Setting up Postgres Automated Failover

- January 22, 2014

Nowadays, failover is one of the simplest procedures in postgres. Still, there are not many ways to automate this procedure and perform it without any human interference. This blog post will guide you through a way to implement automated failover by using two open source projects, repmgr2 and pgbouncer.

PGbouncer will act like a connection pool and as an entry point to the database cluster.

Repmgr now, (since version 2) supports automatic failover, the slave will try to connect to the master for a predefined time and number of attempts, if it fails, it will run a script that can be anything. We are going to use this functionality to perform auto-failover, redirect our application connections to the new master database, and notify the dba that a failover has been performed.

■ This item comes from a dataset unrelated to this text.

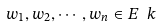Convert formula to latex. <formula><loc_0><loc_0><loc_500><loc_500>w _ { 1 } , w _ { 2 } , \cdots , w _ { n } \in E \ k</formula> 
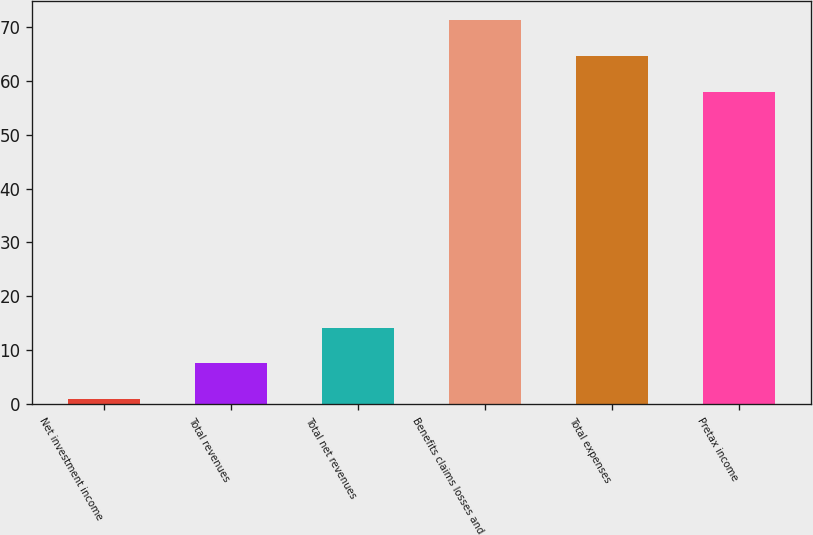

Each server will have its own copy of pgbouncer configuration file(s) and when a server is being promoted, the new master also has the responsibility to overwrite the configuration file on the server that pgbouncer runs (failover.sh).

In my example I used:

3 nodes (3 debian net install virtual machines)

$PGDATA configured on each node

3 postgres installations. one on each node

repmgr2-beta2 or later

pgbouncer-1.5.4

rsync

sshd

Hostnames:

bouncer 192.168.0.16 witness and pgbouncer server, will act as connection to our database cluster.

pgnode1 192.168.0.202 postgres database server 1

pgnode2 192.168.0.203 postgres database server 2

I will use these hosts as examples and as a point of reference for all the configuration files, lets start. . .

Install postgres on all nodes, set passwordless ssh between the three nodes for a user that has access to write in $PGDATA and run postgres binaries.

Install repmgr on all nodes, and pgbouncer only on bouncer.

On pgnode1 set the following in $PGDATA/postgresql.conf

listen_addresses='*'
wal_level = 'hot_standby'
archive_mode = on
archive_command = '/bin/false'
max_wal_senders = 10
wal_keep_segments = 5           # ----- FOR MY EXAMPLE 5, suggested by repmgr is bellow -------
#### wal_keep_segments = 5000   # 80 GB required on pg_xlog
hot_standby = on
shared_preload_libraries = 'repmgr_funcs'

and in $PGDATA/pg_hba.conf:
host    all             repmgr             192.168.0.0/16          trust
host    replication     repmgr      192.168.0.0/16 trust

Bring PostgreSQL up on pgnode1 and run:

createuser -s repmgr
createdb -O repmgr repmgr
psql -f </usr/share/postgresql/9.0>/contrib/repmgr_funcs.sql repmgr

On pgnode2 run:

repmgr -d repmgr -U repmgr -h pgnode1 standby clone
(this will use rsync)

Start postgres on pgnode2, you should have a new slave.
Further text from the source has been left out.